Works in Critical Context
Leaves of Grass
Despite initial negative critical judgments of its frank approach to sex, Leaves of Grass has come to be recognized as a remarkable accomplishment. The poet, Galway Kinnell, has written about Whitman’s ”transformation, in the world of letters, from freak to master,” theorizing that, except for a few perceptive minds— Emerson and Henry David Thoreau in the nineteenth century, Carl Sandburg and Vachel Lindsay in the first half of the twentieth century—mainstream critics were generally too shocked or puzzled by Leaves of Grass to give it a fair and thoughtful reading. By the middle of the twentieth century, however, Whitman’s poetry had gained wide acceptance, due in part to more open societal attitudes towards sex. It has been the task of critics to sort out the large quantity of myths generated by Whitman’s detractors, his disciples, and the poet himself. In particular, critics have sought to explain the significance of sexual imagery in his poetry. Textual analyses continue to reveal complexities in Whitman’s work, and such investigations contribute to an evolving appreciation of his powers as a poet. Perhaps The New York Times best summed up the work in a 2005 article stating, ”Whitman’s poem is one of those literary mazes, with passages brilliant and tedious, through which it is possible to follow dozens if not hundreds of ideas.”
Democratic Vistas
Hardly as celebrated as Leaves of Grass, Whitman’s prose collection Democratic Vistas, and Other Papers was still well regarded by critics. In a review published in 1888 in The Academy, Walter Lewin writes that the title piece ”is quite the best thing Whitman has produced in prose” after stating that ”there is plenty of excellent matter in the present volume.” However, Lewin does not view the book as flawless: ”Whitman’s essays do not mark him out as a master of style in prose. . . . But what they may lack in style is more than compensated by the abundance of thought they contain.” Meanwhile, a supportive review in The Sunder-land Times concludes,
Walt Whitman hails with joy the oceanic, variegated, intense practical energy, the clamorous demand for facts, even the business material isms of the current age… .The mark of progress is the growing mastership of the general inferior self by the superior self, in the individual, the nation, the race. And this is what he thinks, and we concur with him in thinking, America is destined to do, is doing, and will accomplish.
References:
- Bucke, Richard Maurice. Walt Whitman. Philadelphia, Penn.: McKay, 1883.

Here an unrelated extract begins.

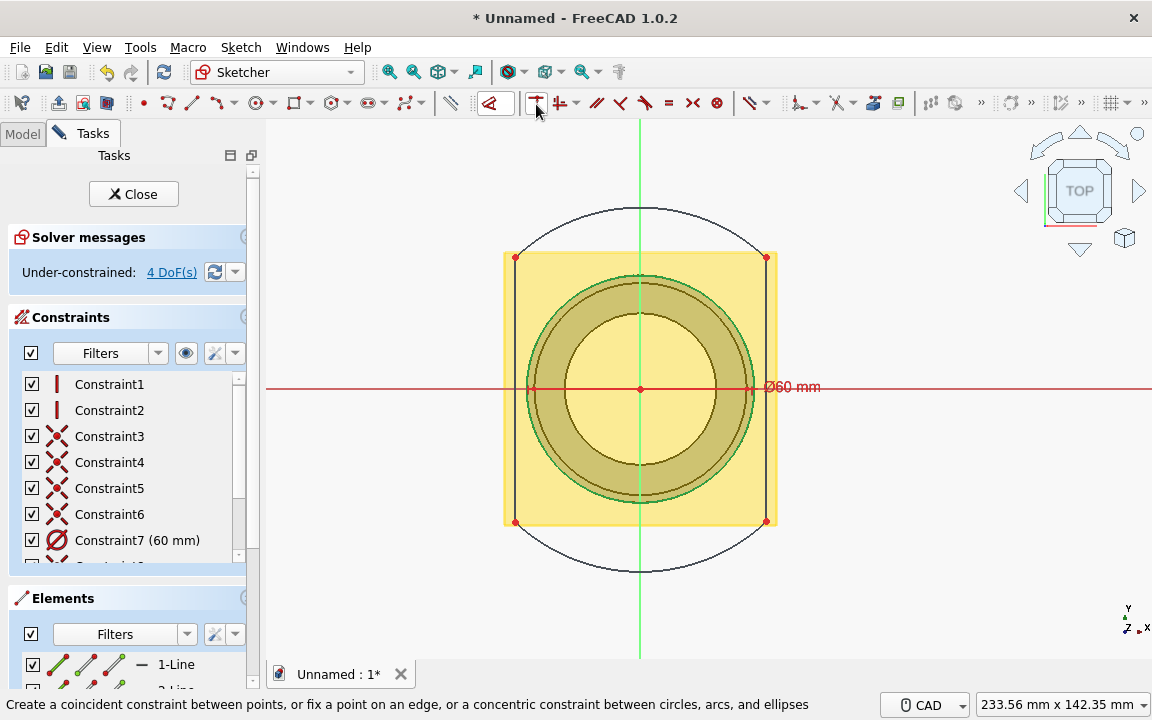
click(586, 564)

- Burroughs, John. Notes on Walt Whitman as Poet and Person. New York: American News, 1867.
- Clark, William. Walt Whitman. London: Swan Sonnenschein, 1892.

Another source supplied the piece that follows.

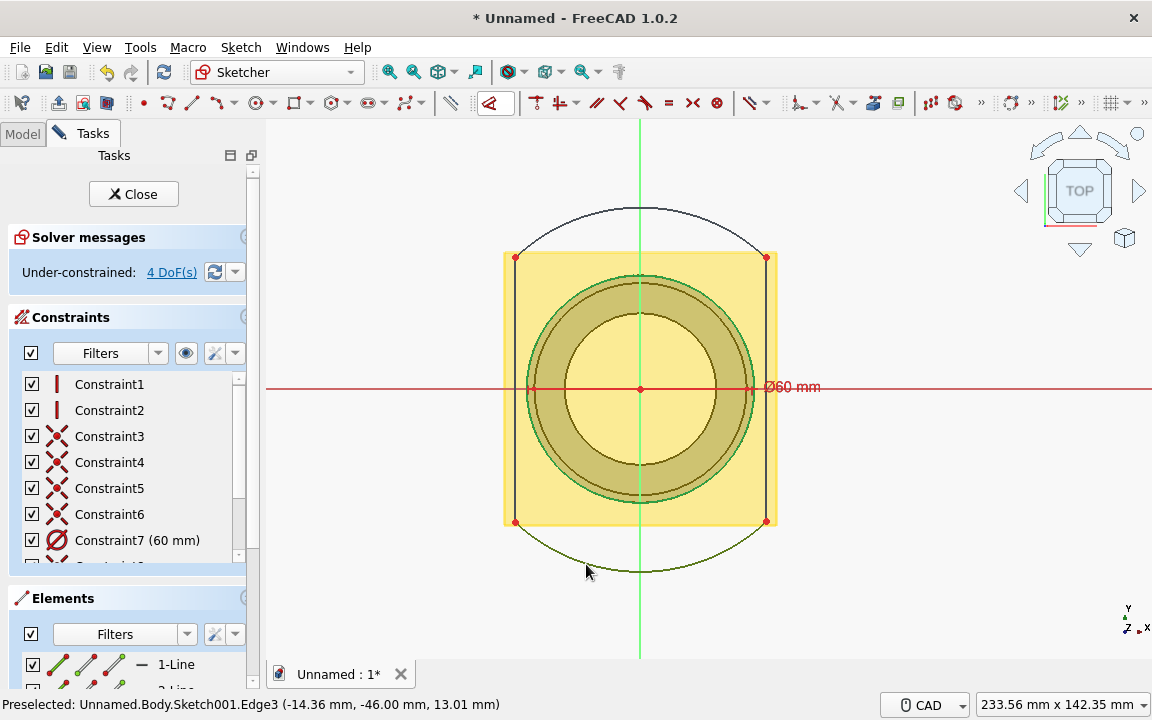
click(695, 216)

- Krieg, Joann P. A Whitman Chronology. Iowa City, Iowa: University of Iowa Press, 1998.
- O’Connor, William Douglas. The Good Gray Poet: A Vindication. New York: Bunce & Huntington, 1866.

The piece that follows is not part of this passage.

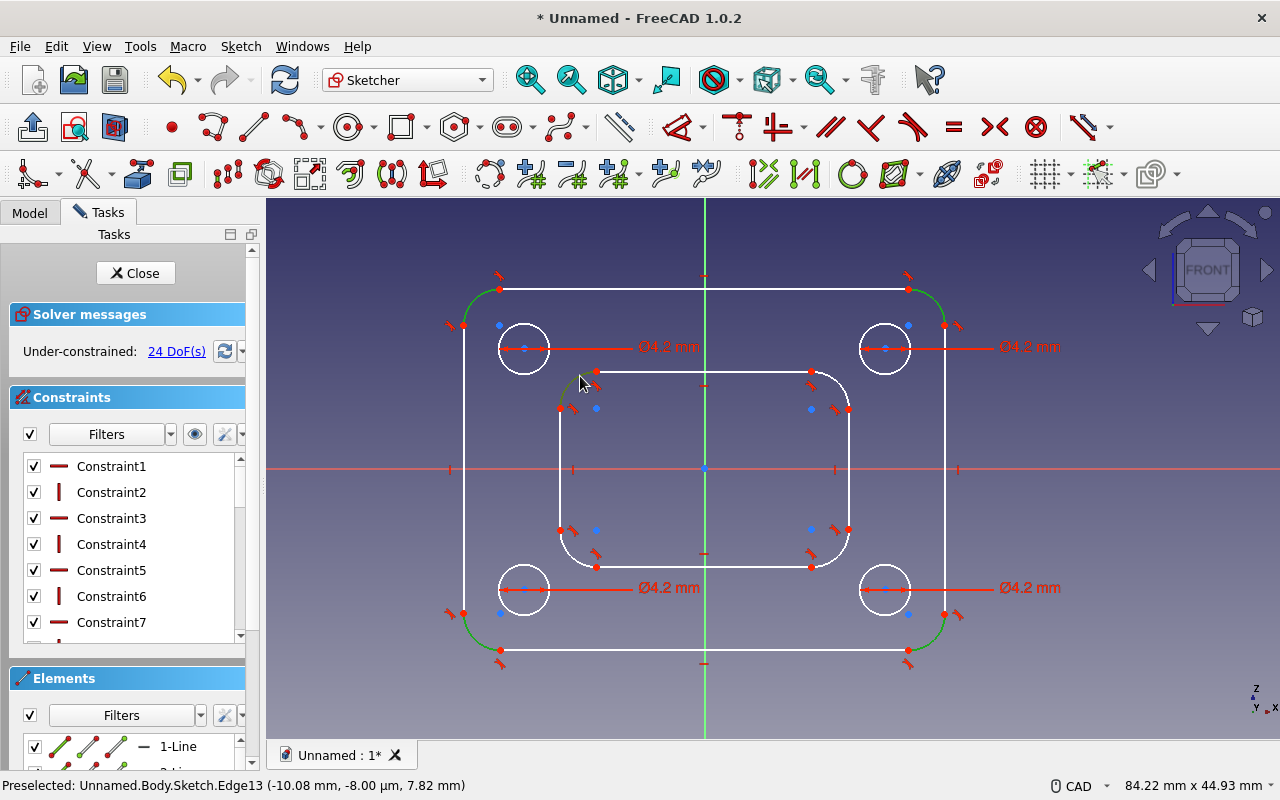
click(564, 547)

- Perry, Bliss. Walt Whitman. Boston: Houghton, Mifflin, 1906.
- Reef, Catherine. Walt Whitman. NewYork: Clarion, 1995.
- Frank, Michael. ”Whitman’s Multitudes, for Better and Worse.” The New York Times (November 18, 2005).
- Lewin, Walter. ”Review of Democratic Vistas, and Other Papers.” The Academy, 33 (June 30,1888): 441-42.
- Review of Democratic Vistas. The Sunderland Times(May 21, 1872).